With the above rules you start building a comprehensive set of automated tests. Some may say, we have always been doing that. That might be correct, but my experience tells me that some organizations simply run the suite of tests only when they test the entire system, after the "development phase" is complete and just before the new version is shipped.
Also in some cases people claim that rule 2 cannot be used with legacy systems because writing such tests is too expensive. Again, that might be correct. If that is the case it would be an additional indicator for the (lack of) design quality. The system is too hard to test. Enforcing rule 2 will help to enforce a refactoring or redesigning of the system towards better testability. Also, lacking organizational discipline (or time) - bugs are simply fixed without writing an automated test and then simply shipped after a quick manual assessment. This is far from what is ideal.
By adding one automated test at a time to your automated build - now including an automated test portion - your system will increase in quality over time. A single test won't make a difference. But as your test suite increases in size it will cover more and more of your system.
And here is another observation: When a bug is reported which areas do they tend to be in? Typically you'll find them in frequently used areas or in areas that are particularly flaky. By adding automated tests in these arease you actually target those areas where you get the biggest bang for the buck.
Note that the two rules can be used for both new development and legacy code bases. There is no excuse for not even trying to improve the quality. It doesn't require myriads of expensive and complex tools. Simple rules like the above can help improving organizational behavior towards better (software) quality.
Saturday, August 05, 2006
Customers Writing Executable Specifications
Ideally, requirements would be written in a way that makes it easy for the development team to verify whether the system satisfies them. So why not making requirements executable? That way your team members can run them as often as needed, and they could stop immediately once the system passes those tests.

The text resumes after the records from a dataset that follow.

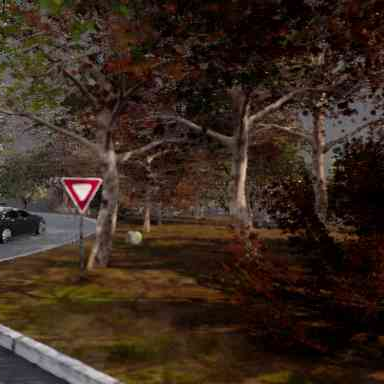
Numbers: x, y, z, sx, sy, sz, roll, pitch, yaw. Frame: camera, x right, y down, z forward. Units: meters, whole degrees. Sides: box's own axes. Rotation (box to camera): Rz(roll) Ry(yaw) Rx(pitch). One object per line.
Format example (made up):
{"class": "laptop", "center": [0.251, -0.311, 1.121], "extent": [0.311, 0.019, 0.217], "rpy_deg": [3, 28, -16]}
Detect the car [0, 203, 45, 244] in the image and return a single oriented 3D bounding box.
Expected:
{"class": "car", "center": [-8.778, 1.480, 15.775], "extent": [1.837, 1.490, 4.892], "rpy_deg": [0, 0, 3]}

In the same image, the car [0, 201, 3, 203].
{"class": "car", "center": [-18.960, 1.441, 30.407], "extent": [4.902, 1.511, 2.128], "rpy_deg": [0, 0, 24]}
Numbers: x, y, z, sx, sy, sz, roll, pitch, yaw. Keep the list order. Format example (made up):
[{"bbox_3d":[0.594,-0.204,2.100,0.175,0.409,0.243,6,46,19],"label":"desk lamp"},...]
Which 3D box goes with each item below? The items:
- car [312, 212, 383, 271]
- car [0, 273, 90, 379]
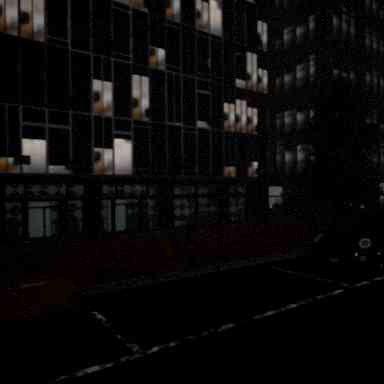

The way to go forward is therefore executable specifications, or story tests. The most prominent thought leader on this is probably Rick Mugridge, on whose web site you can also find further information.
One tool to create and maintain such customer tests is Fitnesse. It is available for many different languages.
The benefits are very compelling. You have a much tighter link between your customer (might also be a product manager) and your development team. Executable specifications are a means for improving communication. You also get a tool that reduces the gap between what your customer wants the system to do, and what the system really does.
From my experience, it's worth playing with this concept. It might turn out to be an excellent addition to your toolbox for agile project management.